:: Your task ::
Please give an exact copy of every line from the one holding "Now for the rack frame (880,122,932,230), in" through the final line of the records below.

——————————

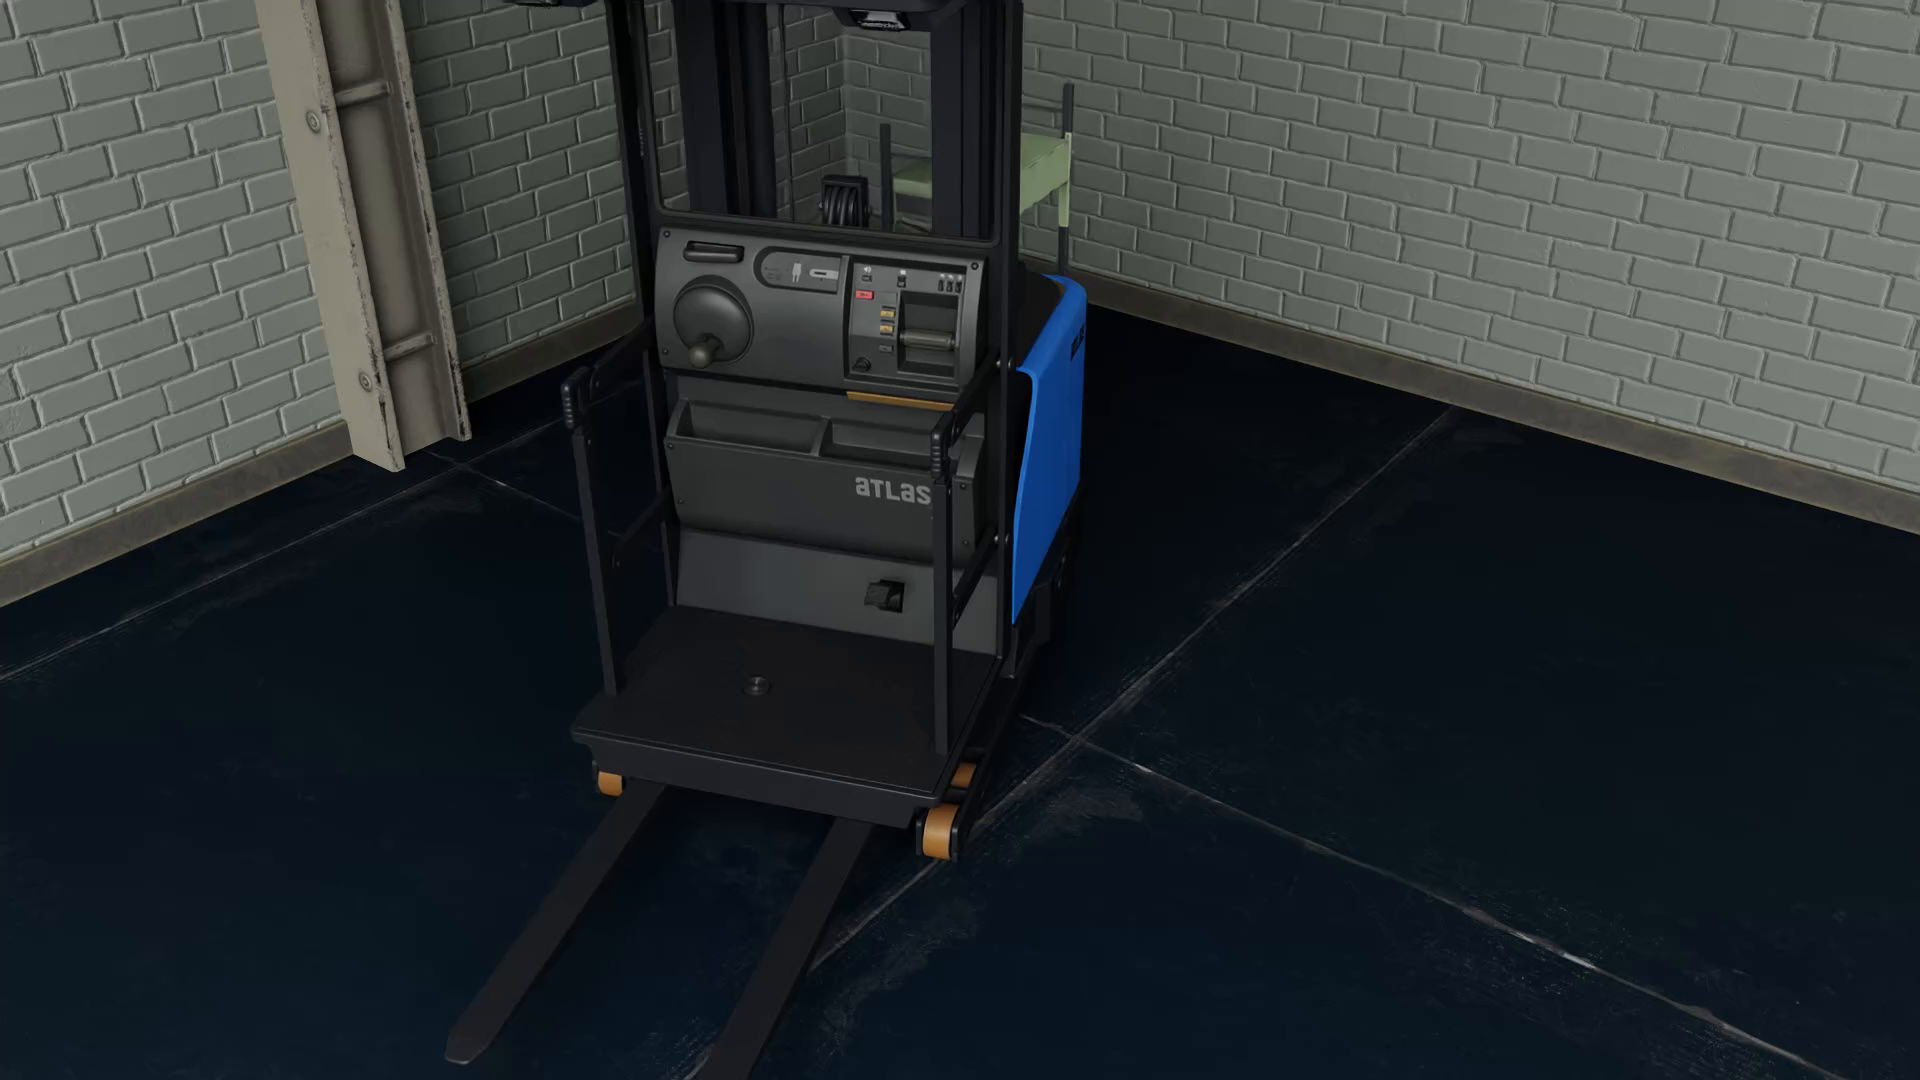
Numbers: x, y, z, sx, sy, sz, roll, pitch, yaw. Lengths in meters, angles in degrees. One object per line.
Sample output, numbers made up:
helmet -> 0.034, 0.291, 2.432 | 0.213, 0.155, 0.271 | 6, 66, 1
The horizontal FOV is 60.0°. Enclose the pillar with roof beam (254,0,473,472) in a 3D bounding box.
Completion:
pillar with roof beam -> 1.149, -2.946, 2.394 | 9.100, 9.000, 0.400 | 21, 37, 31

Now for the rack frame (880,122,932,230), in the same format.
rack frame -> -0.092, -0.751, 6.046 | 0.400, 1.500, 0.023 | 15, 34, 23

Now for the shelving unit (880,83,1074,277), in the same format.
shelving unit -> 0.074, -0.918, 6.327 | 0.431, 1.500, 0.755 | 15, 34, 23

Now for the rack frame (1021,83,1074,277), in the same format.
rack frame -> 0.239, -1.084, 6.608 | 0.400, 1.500, 0.023 | 15, 34, 23

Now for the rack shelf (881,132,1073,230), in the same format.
rack shelf -> 0.074, -1.253, 6.128 | 0.431, 0.370, 0.720 | 15, 34, 23

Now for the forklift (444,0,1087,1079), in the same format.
forklift -> -0.448, -0.577, 4.348 | 1.130, 2.935, 3.031 | 8, 32, 14

——————————

:: Answer for the task ::
Now for the rack frame (880,122,932,230), in the same format.
rack frame -> -0.092, -0.751, 6.046 | 0.400, 1.500, 0.023 | 15, 34, 23

Now for the shelving unit (880,83,1074,277), in the same format.
shelving unit -> 0.074, -0.918, 6.327 | 0.431, 1.500, 0.755 | 15, 34, 23

Now for the rack frame (1021,83,1074,277), in the same format.
rack frame -> 0.239, -1.084, 6.608 | 0.400, 1.500, 0.023 | 15, 34, 23

Now for the rack shelf (881,132,1073,230), in the same format.
rack shelf -> 0.074, -1.253, 6.128 | 0.431, 0.370, 0.720 | 15, 34, 23

Now for the forklift (444,0,1087,1079), in the same format.
forklift -> -0.448, -0.577, 4.348 | 1.130, 2.935, 3.031 | 8, 32, 14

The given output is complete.